Figure 2.

Terminal maturation of primitive erythroid cells. (A) Representative images of circulating erythroid cells at E12.5, E14.5, and E16.5 of mouse gestation captured on the ImageStreamX imaging flow cytometer with a 0.75NA 40× objective lens. Cells were stained with Ter119-PECy7, CD71-FITC, and DRAQ5. (B) Changes in cell area of nucleated and enucleated primitive erythroid cells and enucleated definitive erythroid cells quantified by imaging flow cytometry. (C) Changes in surface expression of CD71 on primitive and definitive erythroid cells during their terminal maturation. The decrease inCD71 intensity on the surface of primitive erythroid cells between E12.5 and E14.5 is statistically significant (t test, p = 0.02), but the slight increase in the data between E14.5 and E16.5 is not significant (t test, p = 0.28). (D) Changes in Ter119 cell surface expression in primitive and definitive erythroid cells during their terminal maturation. Data in B, C, and D were derived from replicate measurements on three (E16.5) or four (E12.5 and E14.5) different embryos. Area represents the projected area of the cell in the image.

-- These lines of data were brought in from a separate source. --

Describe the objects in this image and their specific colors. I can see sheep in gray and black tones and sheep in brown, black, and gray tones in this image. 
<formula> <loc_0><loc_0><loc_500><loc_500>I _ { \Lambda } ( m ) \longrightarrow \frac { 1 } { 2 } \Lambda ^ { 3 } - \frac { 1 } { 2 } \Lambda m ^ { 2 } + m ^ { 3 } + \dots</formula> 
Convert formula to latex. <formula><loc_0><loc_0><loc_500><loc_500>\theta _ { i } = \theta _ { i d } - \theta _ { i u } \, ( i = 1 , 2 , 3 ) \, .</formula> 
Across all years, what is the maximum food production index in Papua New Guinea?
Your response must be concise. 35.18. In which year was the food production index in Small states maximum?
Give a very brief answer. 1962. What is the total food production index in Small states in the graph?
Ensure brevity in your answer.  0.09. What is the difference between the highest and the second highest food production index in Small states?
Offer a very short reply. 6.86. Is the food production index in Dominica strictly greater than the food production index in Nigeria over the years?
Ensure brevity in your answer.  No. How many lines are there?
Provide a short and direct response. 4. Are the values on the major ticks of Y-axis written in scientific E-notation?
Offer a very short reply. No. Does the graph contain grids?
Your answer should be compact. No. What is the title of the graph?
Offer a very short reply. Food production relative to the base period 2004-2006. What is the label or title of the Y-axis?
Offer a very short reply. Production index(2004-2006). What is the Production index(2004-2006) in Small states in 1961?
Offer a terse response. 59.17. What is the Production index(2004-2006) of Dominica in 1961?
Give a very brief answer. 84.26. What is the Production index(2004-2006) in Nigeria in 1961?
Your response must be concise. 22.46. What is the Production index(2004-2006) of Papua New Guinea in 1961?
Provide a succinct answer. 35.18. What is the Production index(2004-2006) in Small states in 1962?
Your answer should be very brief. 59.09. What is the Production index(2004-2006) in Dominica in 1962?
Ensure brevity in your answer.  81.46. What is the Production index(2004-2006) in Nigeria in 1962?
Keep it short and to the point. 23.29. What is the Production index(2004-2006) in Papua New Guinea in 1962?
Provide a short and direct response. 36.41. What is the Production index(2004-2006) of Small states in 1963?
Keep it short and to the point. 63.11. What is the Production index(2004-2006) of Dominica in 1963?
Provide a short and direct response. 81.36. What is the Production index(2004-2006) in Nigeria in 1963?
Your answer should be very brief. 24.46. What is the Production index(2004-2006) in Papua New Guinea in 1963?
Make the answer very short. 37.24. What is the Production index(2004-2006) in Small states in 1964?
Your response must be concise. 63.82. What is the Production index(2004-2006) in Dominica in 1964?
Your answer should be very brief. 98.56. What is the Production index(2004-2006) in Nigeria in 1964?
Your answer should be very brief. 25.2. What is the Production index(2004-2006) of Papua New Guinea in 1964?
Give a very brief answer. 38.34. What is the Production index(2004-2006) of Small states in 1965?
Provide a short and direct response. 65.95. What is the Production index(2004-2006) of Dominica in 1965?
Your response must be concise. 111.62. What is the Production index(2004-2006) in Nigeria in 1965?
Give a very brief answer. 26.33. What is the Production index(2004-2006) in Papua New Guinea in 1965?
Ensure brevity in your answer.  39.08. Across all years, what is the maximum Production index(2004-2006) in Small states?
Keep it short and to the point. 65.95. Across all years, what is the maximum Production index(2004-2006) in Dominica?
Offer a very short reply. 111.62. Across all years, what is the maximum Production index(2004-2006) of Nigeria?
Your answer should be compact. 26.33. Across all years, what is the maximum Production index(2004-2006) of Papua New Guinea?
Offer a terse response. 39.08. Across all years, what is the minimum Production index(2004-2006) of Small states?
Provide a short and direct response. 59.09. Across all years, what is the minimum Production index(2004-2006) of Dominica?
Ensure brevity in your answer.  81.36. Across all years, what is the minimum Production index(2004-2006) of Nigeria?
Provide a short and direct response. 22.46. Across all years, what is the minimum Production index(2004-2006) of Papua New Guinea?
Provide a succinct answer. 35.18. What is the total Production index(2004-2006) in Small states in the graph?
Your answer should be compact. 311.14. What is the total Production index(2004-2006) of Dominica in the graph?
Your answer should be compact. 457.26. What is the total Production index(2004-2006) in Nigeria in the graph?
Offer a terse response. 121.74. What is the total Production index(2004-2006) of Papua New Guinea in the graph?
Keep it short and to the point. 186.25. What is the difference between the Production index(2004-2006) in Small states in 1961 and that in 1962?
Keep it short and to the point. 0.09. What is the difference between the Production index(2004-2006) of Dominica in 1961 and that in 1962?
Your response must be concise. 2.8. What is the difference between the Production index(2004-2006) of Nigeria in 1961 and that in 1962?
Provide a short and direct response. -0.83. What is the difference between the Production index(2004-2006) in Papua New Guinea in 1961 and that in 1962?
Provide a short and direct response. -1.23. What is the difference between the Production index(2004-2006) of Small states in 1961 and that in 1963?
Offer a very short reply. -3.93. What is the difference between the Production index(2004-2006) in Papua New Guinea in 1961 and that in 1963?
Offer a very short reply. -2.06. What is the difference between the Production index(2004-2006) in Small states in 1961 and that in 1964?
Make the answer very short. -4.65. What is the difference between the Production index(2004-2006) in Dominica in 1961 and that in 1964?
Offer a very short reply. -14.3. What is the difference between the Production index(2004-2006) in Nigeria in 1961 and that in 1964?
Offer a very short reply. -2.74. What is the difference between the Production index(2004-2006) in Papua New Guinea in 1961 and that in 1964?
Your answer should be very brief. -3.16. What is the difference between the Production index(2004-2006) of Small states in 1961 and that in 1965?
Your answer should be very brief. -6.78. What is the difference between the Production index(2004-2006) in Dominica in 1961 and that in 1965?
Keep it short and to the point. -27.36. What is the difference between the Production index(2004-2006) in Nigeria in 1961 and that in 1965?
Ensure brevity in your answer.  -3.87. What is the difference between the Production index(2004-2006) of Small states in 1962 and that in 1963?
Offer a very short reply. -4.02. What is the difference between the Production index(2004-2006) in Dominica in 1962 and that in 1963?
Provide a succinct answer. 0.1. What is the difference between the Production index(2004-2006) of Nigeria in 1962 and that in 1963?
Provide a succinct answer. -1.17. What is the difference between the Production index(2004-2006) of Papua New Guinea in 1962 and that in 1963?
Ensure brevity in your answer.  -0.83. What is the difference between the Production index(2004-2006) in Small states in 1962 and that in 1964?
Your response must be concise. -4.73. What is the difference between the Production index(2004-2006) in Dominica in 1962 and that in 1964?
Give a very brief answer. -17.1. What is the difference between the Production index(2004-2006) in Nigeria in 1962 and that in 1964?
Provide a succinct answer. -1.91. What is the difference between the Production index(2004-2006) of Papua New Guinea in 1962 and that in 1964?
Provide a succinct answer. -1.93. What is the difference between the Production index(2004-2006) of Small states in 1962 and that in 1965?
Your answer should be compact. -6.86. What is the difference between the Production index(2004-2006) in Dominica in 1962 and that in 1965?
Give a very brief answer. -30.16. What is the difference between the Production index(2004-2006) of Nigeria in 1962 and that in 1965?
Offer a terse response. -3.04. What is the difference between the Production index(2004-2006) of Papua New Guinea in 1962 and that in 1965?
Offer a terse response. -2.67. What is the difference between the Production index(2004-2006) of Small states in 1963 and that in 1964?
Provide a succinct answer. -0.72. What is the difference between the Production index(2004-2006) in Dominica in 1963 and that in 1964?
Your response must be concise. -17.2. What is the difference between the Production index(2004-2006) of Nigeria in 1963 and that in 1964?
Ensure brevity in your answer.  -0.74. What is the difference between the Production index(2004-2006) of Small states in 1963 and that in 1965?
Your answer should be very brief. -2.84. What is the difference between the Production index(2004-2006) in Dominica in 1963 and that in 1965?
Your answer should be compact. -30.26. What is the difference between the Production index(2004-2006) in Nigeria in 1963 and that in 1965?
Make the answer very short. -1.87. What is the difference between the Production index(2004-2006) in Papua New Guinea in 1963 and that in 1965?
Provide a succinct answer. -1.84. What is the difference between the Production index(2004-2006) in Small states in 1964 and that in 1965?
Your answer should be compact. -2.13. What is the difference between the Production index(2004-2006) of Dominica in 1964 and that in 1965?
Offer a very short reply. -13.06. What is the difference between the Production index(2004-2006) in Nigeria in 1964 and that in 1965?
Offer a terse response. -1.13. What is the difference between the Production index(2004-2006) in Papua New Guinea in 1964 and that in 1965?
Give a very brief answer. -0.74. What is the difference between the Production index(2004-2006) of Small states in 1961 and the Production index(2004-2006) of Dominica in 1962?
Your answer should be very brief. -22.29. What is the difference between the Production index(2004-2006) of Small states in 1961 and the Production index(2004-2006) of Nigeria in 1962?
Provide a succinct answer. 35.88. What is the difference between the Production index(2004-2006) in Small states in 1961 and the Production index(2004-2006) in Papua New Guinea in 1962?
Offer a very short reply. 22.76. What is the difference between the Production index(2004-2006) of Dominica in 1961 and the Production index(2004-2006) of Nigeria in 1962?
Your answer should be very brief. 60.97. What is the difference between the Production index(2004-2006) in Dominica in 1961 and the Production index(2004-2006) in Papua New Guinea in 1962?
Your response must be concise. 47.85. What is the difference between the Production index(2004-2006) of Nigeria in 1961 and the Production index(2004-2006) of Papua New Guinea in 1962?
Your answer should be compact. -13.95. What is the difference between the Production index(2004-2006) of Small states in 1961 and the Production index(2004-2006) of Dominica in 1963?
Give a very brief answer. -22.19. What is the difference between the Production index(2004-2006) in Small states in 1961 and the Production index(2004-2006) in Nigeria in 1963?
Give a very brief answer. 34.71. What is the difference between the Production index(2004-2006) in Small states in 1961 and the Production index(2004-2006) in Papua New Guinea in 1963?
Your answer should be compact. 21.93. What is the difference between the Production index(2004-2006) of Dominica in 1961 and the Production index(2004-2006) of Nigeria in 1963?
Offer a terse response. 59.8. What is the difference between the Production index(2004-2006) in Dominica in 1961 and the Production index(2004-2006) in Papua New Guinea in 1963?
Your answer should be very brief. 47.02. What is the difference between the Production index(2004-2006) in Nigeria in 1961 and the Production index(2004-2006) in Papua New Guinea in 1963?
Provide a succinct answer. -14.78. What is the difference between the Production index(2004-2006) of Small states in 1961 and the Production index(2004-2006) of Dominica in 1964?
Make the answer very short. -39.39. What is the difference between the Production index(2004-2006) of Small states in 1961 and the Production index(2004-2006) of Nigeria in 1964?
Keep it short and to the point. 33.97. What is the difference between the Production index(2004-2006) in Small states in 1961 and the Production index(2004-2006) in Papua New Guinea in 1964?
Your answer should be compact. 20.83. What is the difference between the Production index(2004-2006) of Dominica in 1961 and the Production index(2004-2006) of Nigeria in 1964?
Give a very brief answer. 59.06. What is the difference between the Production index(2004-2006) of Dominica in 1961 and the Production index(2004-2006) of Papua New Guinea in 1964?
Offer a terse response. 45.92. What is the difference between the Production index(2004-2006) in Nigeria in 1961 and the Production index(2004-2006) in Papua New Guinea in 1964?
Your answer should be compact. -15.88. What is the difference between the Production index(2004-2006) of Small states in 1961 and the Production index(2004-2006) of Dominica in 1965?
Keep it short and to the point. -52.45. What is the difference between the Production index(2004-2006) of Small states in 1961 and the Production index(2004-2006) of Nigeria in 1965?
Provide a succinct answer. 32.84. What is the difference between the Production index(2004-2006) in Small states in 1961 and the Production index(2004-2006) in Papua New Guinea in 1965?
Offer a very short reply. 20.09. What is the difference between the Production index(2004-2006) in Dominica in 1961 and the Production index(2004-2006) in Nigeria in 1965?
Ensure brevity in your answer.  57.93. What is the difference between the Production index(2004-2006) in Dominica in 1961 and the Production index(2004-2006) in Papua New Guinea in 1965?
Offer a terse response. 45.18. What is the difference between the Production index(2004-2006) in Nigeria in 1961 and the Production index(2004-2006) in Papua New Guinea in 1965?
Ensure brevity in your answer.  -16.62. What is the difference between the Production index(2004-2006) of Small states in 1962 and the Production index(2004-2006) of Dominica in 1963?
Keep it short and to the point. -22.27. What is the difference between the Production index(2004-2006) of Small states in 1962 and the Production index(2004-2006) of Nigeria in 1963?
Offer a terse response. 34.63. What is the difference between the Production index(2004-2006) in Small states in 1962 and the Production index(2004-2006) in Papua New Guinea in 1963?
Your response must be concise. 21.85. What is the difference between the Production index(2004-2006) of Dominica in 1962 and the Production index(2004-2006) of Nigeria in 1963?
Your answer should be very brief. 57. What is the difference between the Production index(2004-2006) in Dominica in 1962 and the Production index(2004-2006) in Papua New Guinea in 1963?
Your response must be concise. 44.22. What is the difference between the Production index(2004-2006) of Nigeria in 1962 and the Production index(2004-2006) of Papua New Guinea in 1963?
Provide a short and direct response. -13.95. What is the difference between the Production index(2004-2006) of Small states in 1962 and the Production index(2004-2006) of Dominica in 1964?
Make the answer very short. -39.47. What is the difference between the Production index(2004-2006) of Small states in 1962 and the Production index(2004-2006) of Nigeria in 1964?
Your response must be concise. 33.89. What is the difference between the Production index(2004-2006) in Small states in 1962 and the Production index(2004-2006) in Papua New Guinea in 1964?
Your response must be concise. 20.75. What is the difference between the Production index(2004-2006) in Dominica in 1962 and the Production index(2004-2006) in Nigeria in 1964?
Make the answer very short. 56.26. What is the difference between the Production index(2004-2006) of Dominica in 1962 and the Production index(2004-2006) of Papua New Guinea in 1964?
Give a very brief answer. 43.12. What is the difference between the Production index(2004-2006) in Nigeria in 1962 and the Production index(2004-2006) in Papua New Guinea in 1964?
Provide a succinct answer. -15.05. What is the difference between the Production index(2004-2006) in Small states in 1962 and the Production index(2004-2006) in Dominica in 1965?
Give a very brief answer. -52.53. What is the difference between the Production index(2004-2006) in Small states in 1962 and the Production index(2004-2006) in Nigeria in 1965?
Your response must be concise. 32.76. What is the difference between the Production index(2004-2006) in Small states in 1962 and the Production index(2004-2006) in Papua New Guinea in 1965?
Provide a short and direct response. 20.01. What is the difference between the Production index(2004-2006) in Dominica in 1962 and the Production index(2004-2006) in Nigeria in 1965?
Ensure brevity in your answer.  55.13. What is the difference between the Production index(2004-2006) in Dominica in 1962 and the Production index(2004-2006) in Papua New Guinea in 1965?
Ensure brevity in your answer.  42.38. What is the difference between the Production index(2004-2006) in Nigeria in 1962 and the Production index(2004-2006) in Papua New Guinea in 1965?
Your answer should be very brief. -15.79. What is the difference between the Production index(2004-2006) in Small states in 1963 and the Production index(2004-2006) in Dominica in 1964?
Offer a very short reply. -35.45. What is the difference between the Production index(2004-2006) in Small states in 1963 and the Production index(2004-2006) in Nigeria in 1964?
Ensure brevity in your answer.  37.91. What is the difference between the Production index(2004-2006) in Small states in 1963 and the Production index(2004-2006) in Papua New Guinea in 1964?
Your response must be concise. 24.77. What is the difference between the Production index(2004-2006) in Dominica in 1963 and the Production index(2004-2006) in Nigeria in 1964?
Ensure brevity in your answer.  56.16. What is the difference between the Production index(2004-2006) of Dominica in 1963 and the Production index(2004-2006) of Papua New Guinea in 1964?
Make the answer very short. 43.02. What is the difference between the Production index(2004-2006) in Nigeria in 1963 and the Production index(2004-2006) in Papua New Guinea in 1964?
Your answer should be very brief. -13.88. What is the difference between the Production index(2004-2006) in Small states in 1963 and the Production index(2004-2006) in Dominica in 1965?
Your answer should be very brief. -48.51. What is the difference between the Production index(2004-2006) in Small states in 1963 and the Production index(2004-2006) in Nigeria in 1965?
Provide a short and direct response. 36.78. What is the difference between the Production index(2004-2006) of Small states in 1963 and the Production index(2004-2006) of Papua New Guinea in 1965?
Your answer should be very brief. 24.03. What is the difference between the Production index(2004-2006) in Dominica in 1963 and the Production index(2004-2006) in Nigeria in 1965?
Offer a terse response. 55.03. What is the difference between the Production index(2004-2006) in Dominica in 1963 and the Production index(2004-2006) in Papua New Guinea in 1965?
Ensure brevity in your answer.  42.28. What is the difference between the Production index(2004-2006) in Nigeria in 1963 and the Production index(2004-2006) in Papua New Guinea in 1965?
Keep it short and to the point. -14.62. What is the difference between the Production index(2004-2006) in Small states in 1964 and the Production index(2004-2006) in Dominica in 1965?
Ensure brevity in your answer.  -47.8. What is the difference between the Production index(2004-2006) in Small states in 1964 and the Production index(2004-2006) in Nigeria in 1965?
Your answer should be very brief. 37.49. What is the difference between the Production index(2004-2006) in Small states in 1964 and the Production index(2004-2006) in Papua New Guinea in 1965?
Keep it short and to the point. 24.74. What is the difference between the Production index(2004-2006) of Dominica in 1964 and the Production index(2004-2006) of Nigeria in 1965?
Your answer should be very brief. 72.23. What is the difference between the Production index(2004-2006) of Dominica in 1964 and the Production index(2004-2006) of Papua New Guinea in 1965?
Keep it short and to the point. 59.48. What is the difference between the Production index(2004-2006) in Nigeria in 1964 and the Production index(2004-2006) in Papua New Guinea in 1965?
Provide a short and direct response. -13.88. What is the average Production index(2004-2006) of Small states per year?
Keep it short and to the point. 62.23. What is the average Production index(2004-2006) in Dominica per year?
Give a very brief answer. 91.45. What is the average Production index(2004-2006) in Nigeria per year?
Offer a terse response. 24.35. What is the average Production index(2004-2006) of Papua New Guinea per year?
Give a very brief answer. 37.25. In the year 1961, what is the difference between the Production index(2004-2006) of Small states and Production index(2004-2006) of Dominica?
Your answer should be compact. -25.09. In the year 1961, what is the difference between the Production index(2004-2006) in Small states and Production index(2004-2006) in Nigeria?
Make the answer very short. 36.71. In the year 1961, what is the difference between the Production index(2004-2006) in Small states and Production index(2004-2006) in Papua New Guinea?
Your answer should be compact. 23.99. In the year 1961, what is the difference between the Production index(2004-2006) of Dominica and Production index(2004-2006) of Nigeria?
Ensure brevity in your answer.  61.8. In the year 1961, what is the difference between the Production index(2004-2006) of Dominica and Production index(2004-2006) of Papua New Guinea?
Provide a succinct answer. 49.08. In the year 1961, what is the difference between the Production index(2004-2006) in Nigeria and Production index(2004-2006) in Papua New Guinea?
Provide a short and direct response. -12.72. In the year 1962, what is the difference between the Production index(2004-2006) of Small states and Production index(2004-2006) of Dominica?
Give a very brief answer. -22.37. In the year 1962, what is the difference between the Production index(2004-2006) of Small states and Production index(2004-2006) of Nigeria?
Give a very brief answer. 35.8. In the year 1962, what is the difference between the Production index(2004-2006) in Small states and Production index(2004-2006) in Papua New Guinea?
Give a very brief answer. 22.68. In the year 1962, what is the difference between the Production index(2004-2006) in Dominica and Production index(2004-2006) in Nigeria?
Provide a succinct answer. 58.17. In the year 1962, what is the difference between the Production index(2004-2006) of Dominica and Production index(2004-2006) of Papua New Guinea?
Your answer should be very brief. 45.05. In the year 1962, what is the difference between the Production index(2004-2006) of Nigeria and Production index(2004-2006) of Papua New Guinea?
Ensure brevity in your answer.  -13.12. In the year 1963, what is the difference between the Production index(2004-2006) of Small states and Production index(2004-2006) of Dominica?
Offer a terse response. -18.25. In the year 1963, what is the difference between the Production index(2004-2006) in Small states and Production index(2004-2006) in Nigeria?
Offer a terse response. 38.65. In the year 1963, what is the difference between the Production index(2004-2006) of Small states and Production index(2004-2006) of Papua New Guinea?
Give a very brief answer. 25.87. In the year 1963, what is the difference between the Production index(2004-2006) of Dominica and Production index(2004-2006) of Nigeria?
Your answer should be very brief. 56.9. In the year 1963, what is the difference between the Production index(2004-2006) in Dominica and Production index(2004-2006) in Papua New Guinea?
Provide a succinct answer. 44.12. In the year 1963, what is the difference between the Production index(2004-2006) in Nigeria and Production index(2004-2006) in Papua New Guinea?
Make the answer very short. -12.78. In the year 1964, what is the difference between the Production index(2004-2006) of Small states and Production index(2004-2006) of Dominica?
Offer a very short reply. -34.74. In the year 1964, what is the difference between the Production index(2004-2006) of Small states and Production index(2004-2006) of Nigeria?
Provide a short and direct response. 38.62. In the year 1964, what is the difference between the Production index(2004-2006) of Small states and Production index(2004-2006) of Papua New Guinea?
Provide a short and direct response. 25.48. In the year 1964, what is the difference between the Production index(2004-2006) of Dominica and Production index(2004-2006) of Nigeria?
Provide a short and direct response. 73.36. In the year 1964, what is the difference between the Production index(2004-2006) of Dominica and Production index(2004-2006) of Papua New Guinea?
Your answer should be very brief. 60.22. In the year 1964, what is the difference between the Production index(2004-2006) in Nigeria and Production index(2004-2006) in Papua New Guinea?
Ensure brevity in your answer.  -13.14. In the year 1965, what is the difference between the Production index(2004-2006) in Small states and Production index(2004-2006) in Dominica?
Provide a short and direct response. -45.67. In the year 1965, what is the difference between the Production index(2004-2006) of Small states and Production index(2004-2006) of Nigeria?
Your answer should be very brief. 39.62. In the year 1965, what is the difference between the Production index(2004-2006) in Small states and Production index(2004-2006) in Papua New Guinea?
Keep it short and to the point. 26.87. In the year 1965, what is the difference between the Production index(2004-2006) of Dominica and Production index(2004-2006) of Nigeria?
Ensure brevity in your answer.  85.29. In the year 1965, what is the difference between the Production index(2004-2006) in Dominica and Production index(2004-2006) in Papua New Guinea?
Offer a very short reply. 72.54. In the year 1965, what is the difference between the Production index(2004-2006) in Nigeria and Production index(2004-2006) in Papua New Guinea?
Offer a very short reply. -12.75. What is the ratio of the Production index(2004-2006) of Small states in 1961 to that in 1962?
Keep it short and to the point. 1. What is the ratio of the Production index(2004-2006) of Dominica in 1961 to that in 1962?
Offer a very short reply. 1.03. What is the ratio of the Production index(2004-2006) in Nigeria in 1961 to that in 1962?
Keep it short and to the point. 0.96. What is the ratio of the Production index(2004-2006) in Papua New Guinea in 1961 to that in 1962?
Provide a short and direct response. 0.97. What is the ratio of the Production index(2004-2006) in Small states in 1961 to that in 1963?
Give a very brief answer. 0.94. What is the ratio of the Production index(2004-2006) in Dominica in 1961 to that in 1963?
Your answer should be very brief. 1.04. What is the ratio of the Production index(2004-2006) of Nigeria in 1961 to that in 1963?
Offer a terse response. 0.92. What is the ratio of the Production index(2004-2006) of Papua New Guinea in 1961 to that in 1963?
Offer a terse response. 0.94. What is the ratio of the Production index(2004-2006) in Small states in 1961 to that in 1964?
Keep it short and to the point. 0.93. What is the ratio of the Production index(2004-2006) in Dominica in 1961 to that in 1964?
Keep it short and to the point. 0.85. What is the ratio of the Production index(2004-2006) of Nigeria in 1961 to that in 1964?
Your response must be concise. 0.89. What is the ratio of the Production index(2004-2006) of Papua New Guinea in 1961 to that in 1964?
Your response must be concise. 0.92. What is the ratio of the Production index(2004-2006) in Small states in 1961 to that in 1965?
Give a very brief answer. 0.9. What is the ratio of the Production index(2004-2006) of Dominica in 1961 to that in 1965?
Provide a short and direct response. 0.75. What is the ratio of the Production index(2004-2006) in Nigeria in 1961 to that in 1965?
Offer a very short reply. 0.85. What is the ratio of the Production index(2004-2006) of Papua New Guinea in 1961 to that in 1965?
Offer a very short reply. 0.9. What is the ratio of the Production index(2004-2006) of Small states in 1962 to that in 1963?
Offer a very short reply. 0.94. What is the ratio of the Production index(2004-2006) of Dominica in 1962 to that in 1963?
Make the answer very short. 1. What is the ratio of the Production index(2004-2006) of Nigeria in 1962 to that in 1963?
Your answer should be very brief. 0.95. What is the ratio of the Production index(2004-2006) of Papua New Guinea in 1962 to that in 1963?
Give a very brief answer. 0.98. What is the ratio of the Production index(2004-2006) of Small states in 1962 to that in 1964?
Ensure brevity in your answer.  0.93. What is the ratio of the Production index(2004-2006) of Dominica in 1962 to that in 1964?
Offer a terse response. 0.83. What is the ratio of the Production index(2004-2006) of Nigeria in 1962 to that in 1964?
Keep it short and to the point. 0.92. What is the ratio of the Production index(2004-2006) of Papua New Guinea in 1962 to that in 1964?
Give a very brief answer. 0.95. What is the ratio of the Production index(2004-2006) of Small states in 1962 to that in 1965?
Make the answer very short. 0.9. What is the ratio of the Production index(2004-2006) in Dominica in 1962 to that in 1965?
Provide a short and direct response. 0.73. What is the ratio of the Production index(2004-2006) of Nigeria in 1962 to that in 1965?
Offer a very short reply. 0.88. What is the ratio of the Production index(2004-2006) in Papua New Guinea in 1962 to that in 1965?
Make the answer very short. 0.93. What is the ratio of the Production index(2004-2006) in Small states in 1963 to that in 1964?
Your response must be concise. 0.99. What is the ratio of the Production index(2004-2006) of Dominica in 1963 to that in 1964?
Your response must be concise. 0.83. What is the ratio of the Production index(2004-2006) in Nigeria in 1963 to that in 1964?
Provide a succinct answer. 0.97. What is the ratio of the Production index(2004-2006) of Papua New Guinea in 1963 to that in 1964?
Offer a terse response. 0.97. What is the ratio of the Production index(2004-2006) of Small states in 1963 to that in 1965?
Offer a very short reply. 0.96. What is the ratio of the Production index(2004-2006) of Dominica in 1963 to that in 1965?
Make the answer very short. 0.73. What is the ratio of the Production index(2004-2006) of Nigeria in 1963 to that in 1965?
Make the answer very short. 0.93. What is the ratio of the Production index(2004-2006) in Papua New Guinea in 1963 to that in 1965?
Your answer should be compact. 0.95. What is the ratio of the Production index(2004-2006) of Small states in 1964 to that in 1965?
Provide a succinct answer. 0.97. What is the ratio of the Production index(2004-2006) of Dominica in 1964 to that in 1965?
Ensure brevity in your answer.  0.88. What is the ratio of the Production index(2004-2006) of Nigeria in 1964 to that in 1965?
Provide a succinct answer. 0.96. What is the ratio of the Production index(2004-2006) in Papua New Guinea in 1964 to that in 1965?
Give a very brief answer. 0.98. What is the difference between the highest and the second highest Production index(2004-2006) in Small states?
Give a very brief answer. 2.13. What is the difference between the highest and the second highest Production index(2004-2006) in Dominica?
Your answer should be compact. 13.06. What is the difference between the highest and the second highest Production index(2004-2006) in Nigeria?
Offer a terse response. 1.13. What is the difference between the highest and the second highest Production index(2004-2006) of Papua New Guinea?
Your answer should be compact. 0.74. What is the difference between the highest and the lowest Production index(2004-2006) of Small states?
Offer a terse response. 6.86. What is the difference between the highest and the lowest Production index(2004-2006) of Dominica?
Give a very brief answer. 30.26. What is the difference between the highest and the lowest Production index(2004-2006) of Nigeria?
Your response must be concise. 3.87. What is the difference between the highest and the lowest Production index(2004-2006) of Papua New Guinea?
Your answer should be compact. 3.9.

Intensity is the median total intensity for the cells measured in arbitrary units. (E) Video-micrograph of CD9-labeled primary primitive erythroid cells. Bright-field images were obtained as for Figures 1A and 1B. Fluorescence images were obtained using the Nikon TE 2000-E microscope with a 100× 1.45 NA oil-immersion objective, and captured with a Roper Quantem 512SC digital camera using Elements software for a 900-ms exposure and multiplier of 700. Because definitive erythroid cells in the sample do not label, this methodology provided an objective method for identifying primitive erythroid cells. Scale bar = 5 μm.